Although the advance by North Korean troops toward Seoul was stymied a mere 20 km into South Korea, and also stopped just over the border at the eastern coastal road, infiltration units quickly cut off pockets of ROK and US troops between the cities of Yeoncheon, Cheorwan, Yangu, and Goesong. The ROK troops fought stoutly for a week, but following another underwater nuclear blast in the channel near Inchon, and widespread use of North Korean school children as sappers to clear minefields and as human bombs, the northern pockets became demoralized and surrendered between August 30 and September 2. Small groups of special forces and SAS troops as well as local ad hoc groupings of ROK forces and militia kept up a guerrilla war in the besieged cities and mountains, until they were decimated and forced to retreat by the use of chemical weapons, which also killed the better part of the civilian populations in those cities.

Meanwhile, a UN Security Council resolution supporting South Korea and the US under Article 7 was vetoed by China. However, as in the first Korean War, a General Assembly resolution by the US was overwhelmingly passed. Unlike the First Korean War, this resolution was co-sponsored and supported by Russia.

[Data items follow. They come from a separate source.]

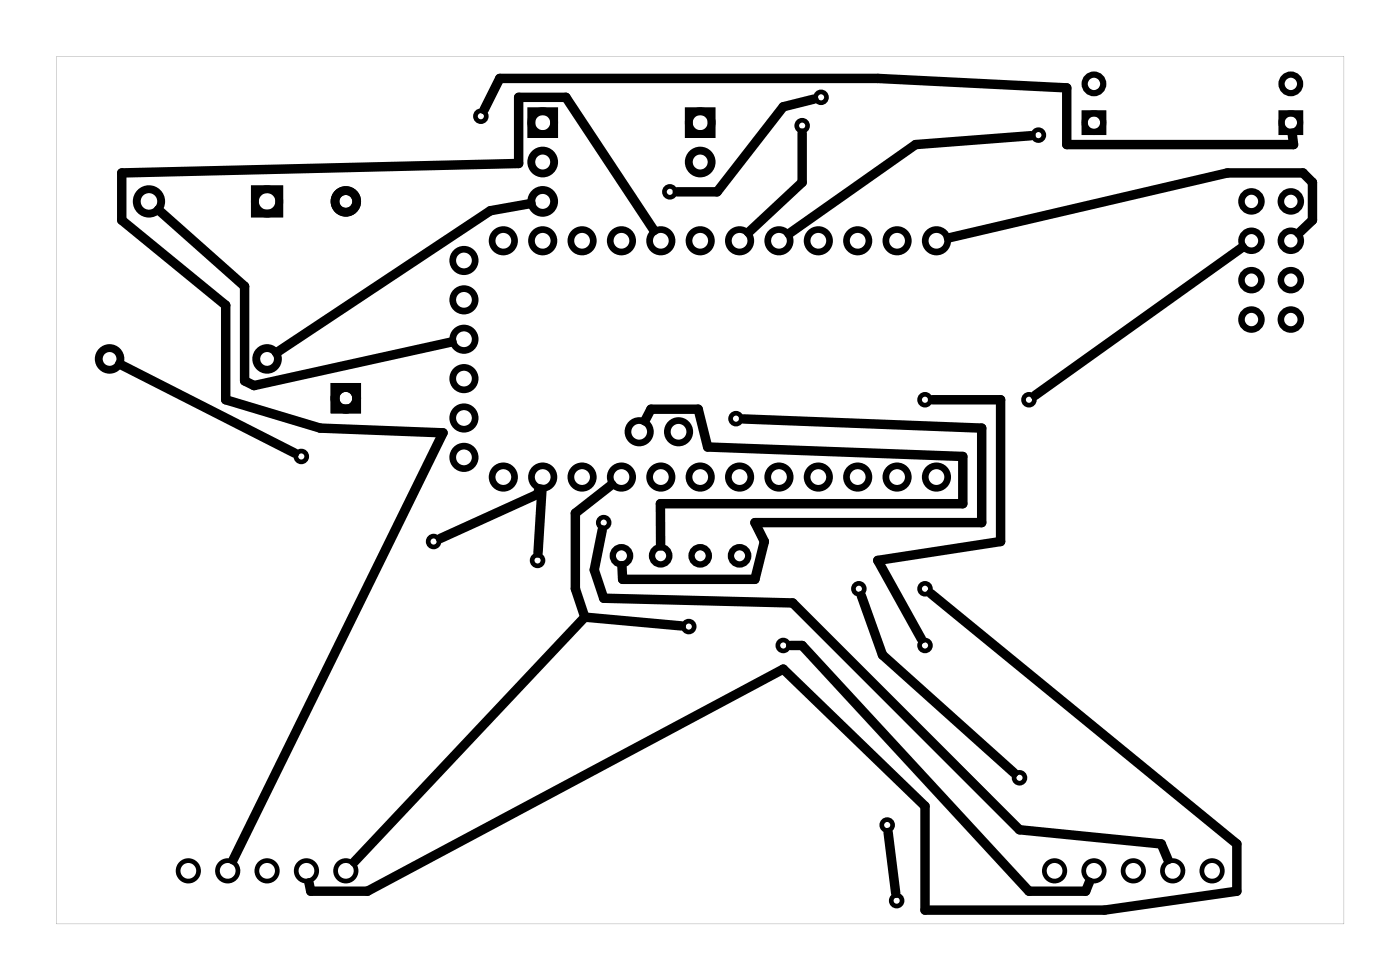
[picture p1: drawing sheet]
<svg xmlns="http://www.w3.org/2000/svg" width="90mm" height="63mm" viewBox="0 0 90 63" stroke-linecap="round" stroke-linejoin="round" font-family="sans-serif">
<path d="M3.6 3.6v56h83.1v-56zM3.6 3.6h83.1v56h-83.1z" fill="#000"/>
<g fill="none" stroke="#000" stroke-width=".42">
<circle cx="80.7" cy="13" r=".64"/>
<circle cx="80.7" cy="15.5" r=".64"/>
<circle cx="80.7" cy="18.1" r=".64"/>
<circle cx="83.3" cy="13" r=".64"/>
<circle cx="83.3" cy="15.5" r=".64"/>
<circle cx="83.3" cy="18.1" r=".64"/>
<circle cx="80.7" cy="20.6" r=".64"/>
<circle cx="83.3" cy="20.6" r=".64"/>
</g>
<g fill="none" stroke="#000" stroke-width=".43">
<circle cx="29.9" cy="19.3" r=".72"/>
<circle cx="29.9" cy="16.8" r=".72"/>
<circle cx="32.5" cy="15.5" r=".72"/>
<circle cx="35" cy="15.5" r=".72"/>
<circle cx="37.5" cy="15.5" r=".72"/>
<circle cx="40.1" cy="15.5" r=".72"/>
<circle cx="42.6" cy="15.5" r=".72"/>
<circle cx="45.2" cy="15.5" r=".72"/>
<circle cx="47.7" cy="15.5" r=".72"/>
<circle cx="50.2" cy="15.5" r=".72"/>
<circle cx="52.8" cy="15.5" r=".72"/>
<circle cx="55.3" cy="15.5" r=".72"/>
<circle cx="57.9" cy="15.5" r=".72"/>
<circle cx="60.4" cy="15.5" r=".72"/>
<circle cx="29.9" cy="24.4" r=".72"/>
<circle cx="29.9" cy="21.9" r=".72"/>
<circle cx="29.9" cy="29.5" r=".72"/>
<circle cx="29.9" cy="27" r=".72"/>
<circle cx="32.5" cy="30.8" r=".72"/>
<circle cx="35" cy="30.8" r=".72"/>
<circle cx="37.5" cy="30.8" r=".72"/>
<circle cx="40.1" cy="30.8" r=".72"/>
<circle cx="41.2" cy="27.8" r=".72"/>
<circle cx="42.6" cy="30.8" r=".72"/>
<circle cx="43.8" cy="27.8" r=".72"/>
<circle cx="45.2" cy="30.8" r=".72"/>
<circle cx="47.7" cy="30.8" r=".72"/>
<circle cx="50.2" cy="30.8" r=".72"/>
<circle cx="52.8" cy="30.8" r=".72"/>
<circle cx="55.3" cy="30.8" r=".72"/>
<circle cx="57.9" cy="30.8" r=".72"/>
<circle cx="60.4" cy="30.8" r=".72"/>
</g>
<g fill="none" stroke="#000" stroke-width=".56">
<path d="M21.6 25h1.4v1.4h-1.4z"/>
<circle cx="22.3" cy="13" r=".7"/>
<circle cx="22.3" cy="25.7" r=".7"/>
</g>
<g fill="none" stroke="#000" stroke-width=".3">
<circle cx="31" cy="7.5" r=".35"/>
<circle cx="43.2" cy="12.4" r=".35"/>
<circle cx="51.7" cy="8.1" r=".35"/>
<circle cx="53" cy="6.3" r=".35"/>
<circle cx="67" cy="8.7" r=".35"/>
<circle cx="19.4" cy="29.4" r=".35"/>
<circle cx="28" cy="34.9" r=".35"/>
<circle cx="34.7" cy="36.1" r=".35"/>
<circle cx="38.9" cy="33.7" r=".35"/>
<circle cx="47.5" cy="27" r=".35"/>
<circle cx="55.4" cy="38" r=".35"/>
<circle cx="59.7" cy="25.8" r=".35"/>
<circle cx="59.7" cy="38" r=".35"/>
<circle cx="66.4" cy="25.8" r=".35"/>
<circle cx="12.1" cy="56.2" r=".66"/>
<circle cx="14.7" cy="56.2" r=".66"/>
<circle cx="17.2" cy="56.2" r=".66"/>
<circle cx="19.8" cy="56.2" r=".66"/>
<circle cx="22.3" cy="56.2" r=".66"/>
<circle cx="44.4" cy="40.4" r=".35"/>
<circle cx="50.5" cy="41.6" r=".35"/>
<circle cx="57.2" cy="53.2" r=".35"/>
<circle cx="57.8" cy="58.1" r=".35"/>
<circle cx="59.7" cy="41.6" r=".35"/>
<circle cx="65.8" cy="50.2" r=".35"/>
<circle cx="68" cy="56.2" r=".66"/>
<circle cx="70.6" cy="56.2" r=".66"/>
<circle cx="73.1" cy="56.2" r=".66"/>
<circle cx="75.6" cy="56.2" r=".66"/>
<circle cx="78.2" cy="56.2" r=".66"/>
</g>
<g fill="none" stroke="#000" stroke-width=".51">
<path d="M16.4 12.2h1.6v1.6h-1.6zM34.3 7.2h1.4v1.4h-1.4zM44.4 7.2h1.5v1.4h-1.5z"/>
<circle cx="9.6" cy="13" r=".79"/>
<circle cx="17.2" cy="13" r=".79"/>
<circle cx="35" cy="13" r=".74"/>
<circle cx="35" cy="7.9" r=".74"/>
<circle cx="35" cy="10.5" r=".74"/>
<circle cx="45.2" cy="7.9" r=".74"/>
<circle cx="45.2" cy="10.5" r=".74"/>
<circle cx="7.1" cy="23.2" r=".7"/>
<circle cx="17.2" cy="23.2" r=".7"/>
</g>
<g fill="none" stroke="#000" stroke-width=".41">
<circle cx="40.1" cy="35.9" r=".56"/>
<circle cx="42.6" cy="35.8" r=".56"/>
<circle cx="45.2" cy="35.9" r=".56"/>
<circle cx="47.7" cy="35.9" r=".56"/>
</g>
<g fill="none" stroke="#000" stroke-width=".4">
<path d="M70 7.3h1.2v1.2h-1.2zM82.7 7.3h1.2v1.2h-1.2z"/>
<circle cx="70.6" cy="5.4" r=".6"/>
<circle cx="70.6" cy="7.9" r=".6"/>
<circle cx="83.3" cy="5.4" r=".6"/>
<circle cx="83.3" cy="7.9" r=".6"/>
</g>
<g fill="none" stroke="#000" stroke-width=".61">
<path d="M10.2 13.5l5.6 5v6.1l.6 .3 12.8-2.8M31.2 7.1l1-2h24.4l12.2 .6v3.6h14.6v-.7M34.3 13.1l-2.7 .5-13.8 9.1M42.2 14.9l-5.7-8.6h-3v4.2l-25.6 .7v3l6.7 5.5v6.1l6.1 1.8 7.9 .3-13.6 27.6M51.7 8.6v3.2l-3.4 3.2M52.5 6.4l-2 .5-4.2 5.5h-2.6M66.5 8.8l-7.4 .5-8.2 5.8M80.1 15.9l-13.3 9.6M83.8 15l.9-.8v-2.4l-.6-.6h-4.9l-18 4.2M7.7 23.5l11.3 5.7M34.8 31.5l-.1 .4-6.3 2.8M35 31.6l-.3 4.1"/>
<path d="M37.7 39.8l6.3 .6M37.7 39.8l-14.8 15.8M38.8 34.2l-.5 2.6 .6 1.8 12.2 .3 14.7 14.6 9.1 .9 .4 1M39.5 31.3l-2.4 1.8v4.9l.6 1.8M41.6 27.1l.4-.7h3l.6 2.4 16.5 .6v3.1h-19.5v2.7M48 27l15.3 .6v6.1h-14.6l.6 1.2-.6 2.5h-8.5l-.1-.9M55.6 38.4l1.3 3.8 8.5 7.6M60 38.3l19.8 16.1v3.1l-8.5 1.2h-11.6v-6.7l-9.2-8.8-26.8 14.3h-3.7l-.1-.6M60.2 25.8h4.3v9.1l-7.9 1.2 2.8 5.1M51 41.6h.7l14.7 15.9h3.6l.3-.6M57.3 53.7l.5 3.9"/>
</g>
</svg>

Consequently, a small trickle of reinforcements from nations which could provide their own transport, such as the UK, Turkey, India, and Australia, began to arrive in theater. The US 3rd Marine Expeditionary Force, The US Third Marine Division, comprised of 3, 4, and 12 Marine Regiment, and 1 Battalion, First Special Forces Group, arrived from Japan. They were joined by the US 75th Ranger Regiment, US 10th Mountain Division, 86 Brigade Combat Team and 36 Infantry Division, 3rd Brigade Combat Team. US 3 and 4 Marine Regiments along with the British 1 and 2 battalion, Royal Gurkha Rifles, reinforced the East Coast road, setting up roadblocks and ambushes along the road and inland strategic passes.

The remaining reinforcements, joined by Turkish 4 Commando Brigade, were airdropped/airlifted into central Korea and attempted to stabilize a front there, using Chuncheon as their command post under the rubric of UN First Army. They were also unofficially reinforced by elements of the Russian 10th Separate Special Purpose Brigade, and French 2nd Foreign Paratroop regiment, operating as “volunteers” with the sanction of their respective governments.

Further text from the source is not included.